The Whole View, Episode 459: Gluten-Free Baking, Our Best Tips and Tricks. 

Welcome back to episode 459! (0:28)

Today, Sarah and Stacy will discuss baking and sharing their tips and recommendations for gluten-free baking.

They've received quite a number of questions regarding this topic.

Stacy recently revised a Lactation Cookie recipe from several years ago and realized just how much her mindset has changed since then.

Sarah and Stacy started from a one-sided Paleo approach but gradually moved toward a nutrivore, nutrient-dense mindset.

Sarah mentions she's currently working on a new website dedicated to Nutrivore! So listeners should keep an eye out for updates.

It's important to get away from this dogmatic approach to food to ensure you're giving your body enough variation for it to heal.

Heritage Wheat for Gluten-Free Baking

Actually, the gluten content of heritage wheat is about the same as modern wheat, so from a celiac perspective, they're both problematic. (13:30)

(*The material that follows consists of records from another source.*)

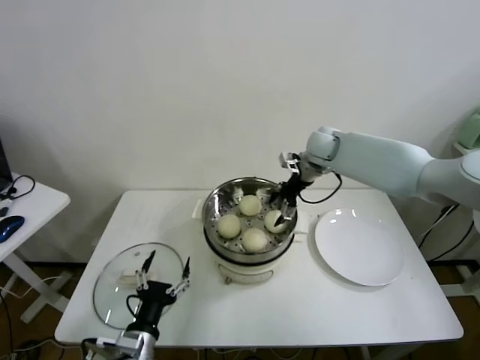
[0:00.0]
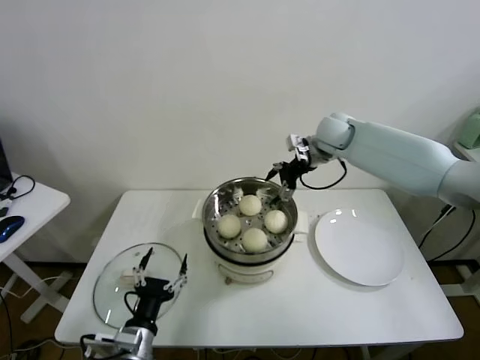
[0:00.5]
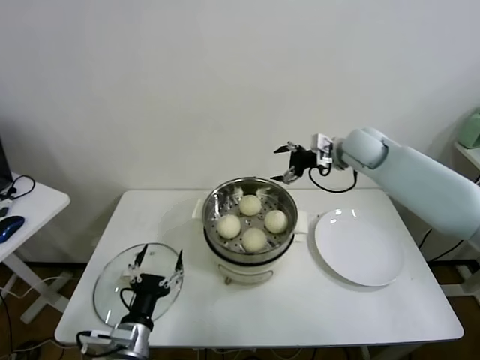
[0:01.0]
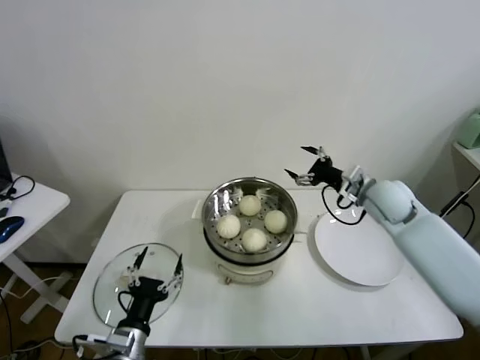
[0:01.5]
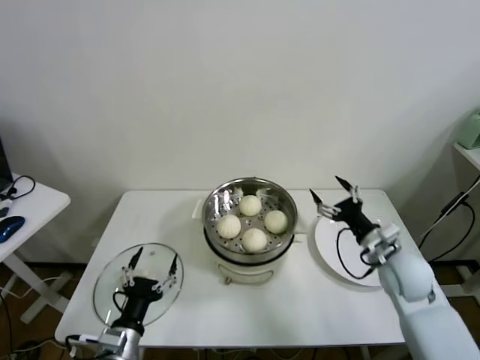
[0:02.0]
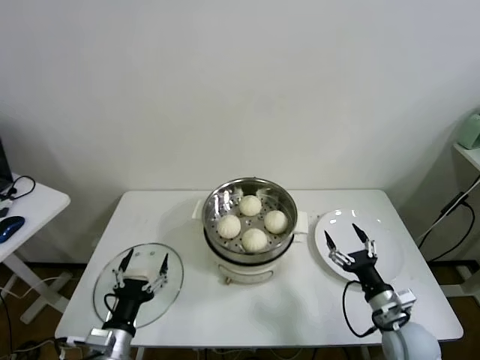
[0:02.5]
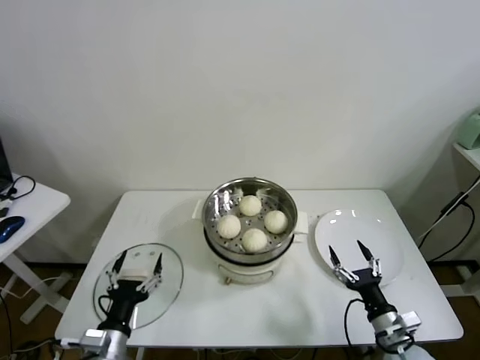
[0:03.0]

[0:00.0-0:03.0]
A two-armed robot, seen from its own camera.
Task of the whole recording: take steamed baozi put them in steamer.
0:00.0 to 0:01.5: The right gripper moves backward and to the right, some 15 cm.
0:01.5 to 0:03.0: The right gripper heads backward and downward, covering approximately 35 cm.

Stacy adds that gluten-sensitive vs. celiac is where you might notice a difference. As someone with Celiac Disease, even trace amounts of gluten will cause her issues.

It's often thought that ancient wheat has less gluten, which is simply not true.

Estimates as much as 55% of the population have gluten sensitivity genes.

However, if you aren't wheat or gluten-sensitive, ancient/heritage wheat is definitely a better choice than modern wheat.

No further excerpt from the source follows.